→ **Work order**
Transcription task. Write out each entry verbatim and exclude any image.

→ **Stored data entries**
====================

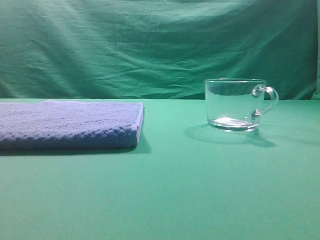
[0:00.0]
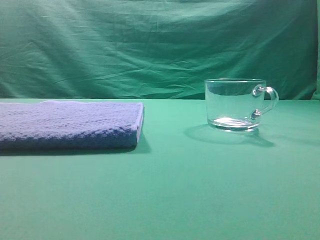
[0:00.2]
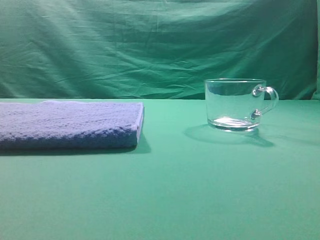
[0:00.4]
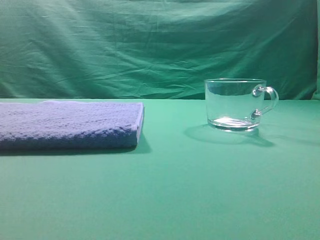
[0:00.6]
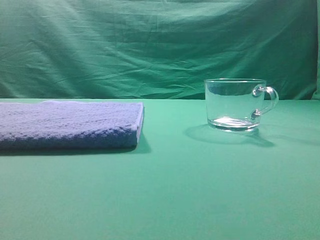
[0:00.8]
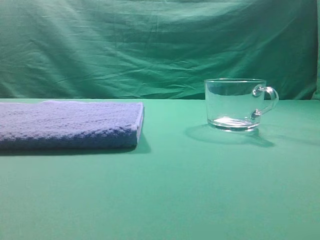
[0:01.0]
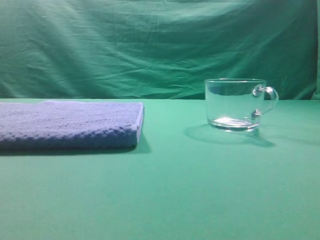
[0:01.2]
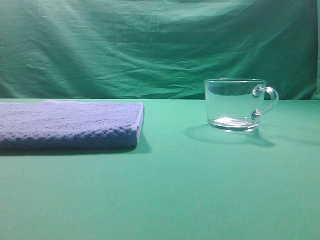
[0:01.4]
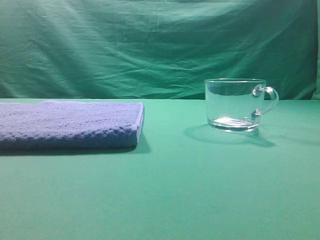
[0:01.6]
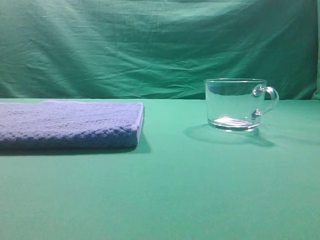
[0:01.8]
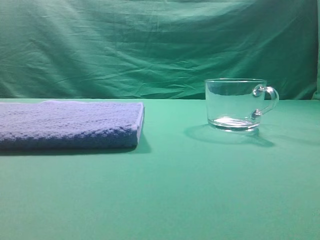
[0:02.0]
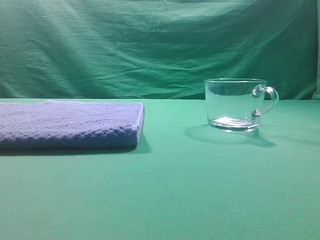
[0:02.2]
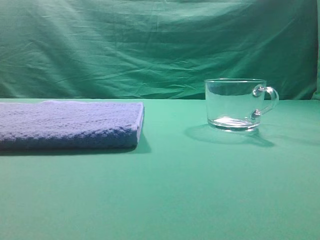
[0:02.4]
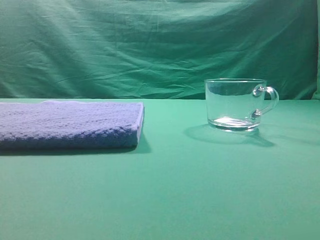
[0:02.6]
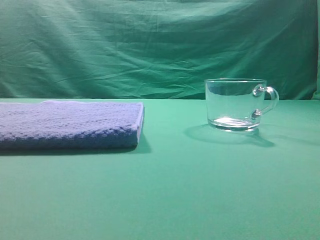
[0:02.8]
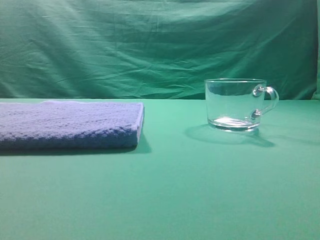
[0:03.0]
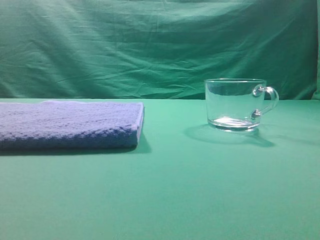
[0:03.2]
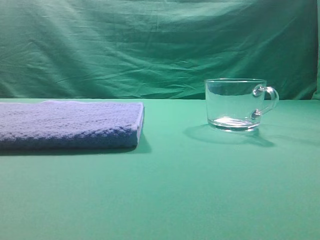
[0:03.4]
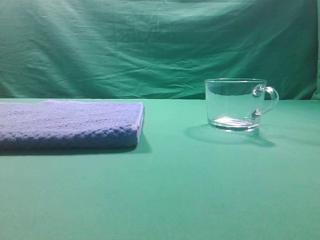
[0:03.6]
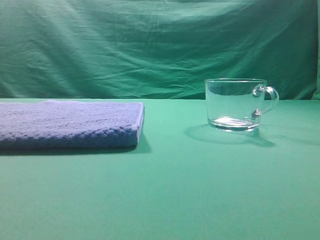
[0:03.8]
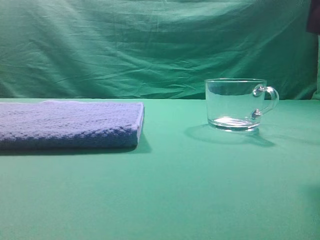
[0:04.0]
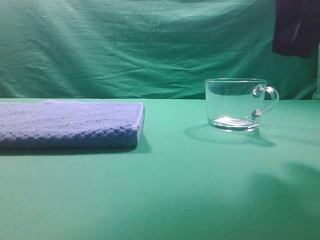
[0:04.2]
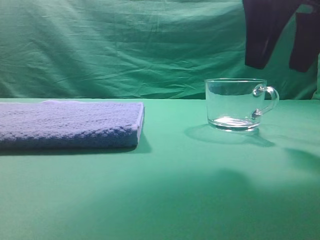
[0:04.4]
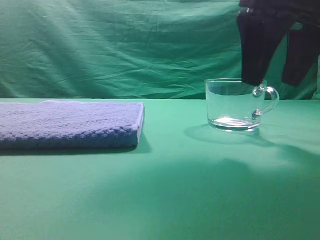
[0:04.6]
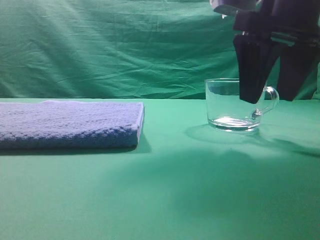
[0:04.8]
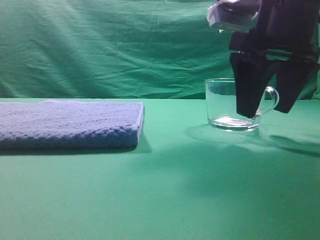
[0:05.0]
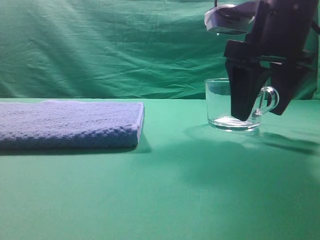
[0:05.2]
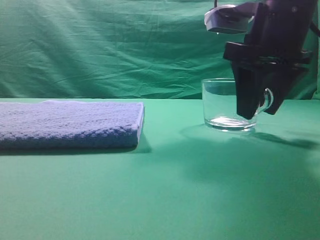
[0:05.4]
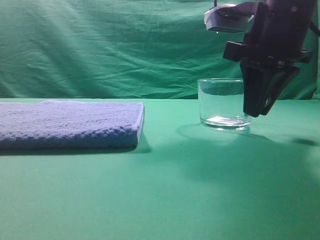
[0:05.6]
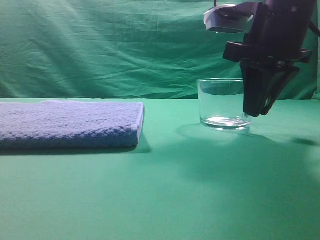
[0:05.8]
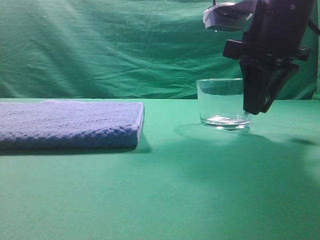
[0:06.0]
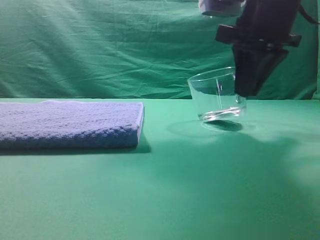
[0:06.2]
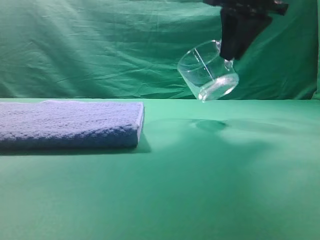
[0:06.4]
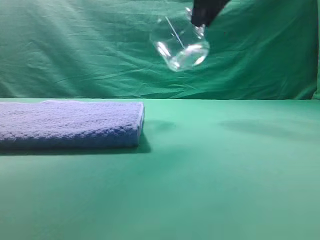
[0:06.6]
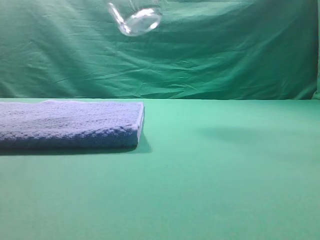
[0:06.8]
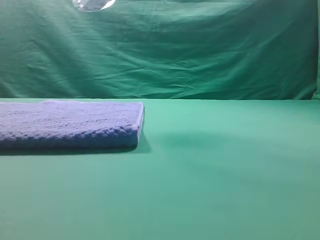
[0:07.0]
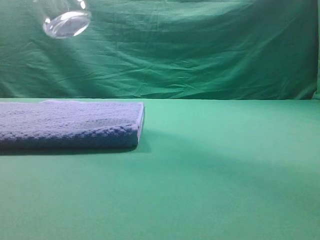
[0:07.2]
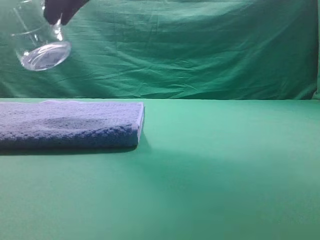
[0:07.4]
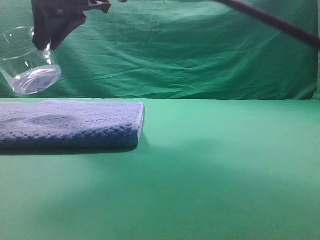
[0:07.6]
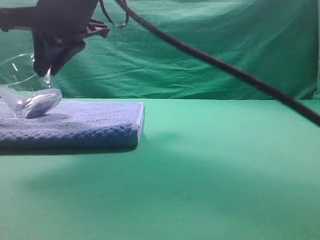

====================

→ **Reply to the exercise**
[0:00.0]
[0:00.2]
[0:00.4]
[0:00.6]
[0:00.8]
[0:01.0]
[0:01.2]
[0:01.4]
[0:01.6]
[0:01.8]
[0:02.0]
[0:02.2]
[0:02.4]
[0:02.6]
[0:02.8]
[0:03.0]
[0:03.2]
[0:03.4]
[0:03.6]
[0:03.8]
[0:04.0]
[0:04.2]
[0:04.4]
[0:04.6]
[0:04.8]
[0:05.0]
[0:05.2]
[0:05.4]
[0:05.6]
[0:05.8]
[0:06.0]
[0:06.2]
[0:06.4]
[0:06.6]
[0:06.8]
[0:07.0]
[0:07.2]
[0:07.4]
[0:07.6]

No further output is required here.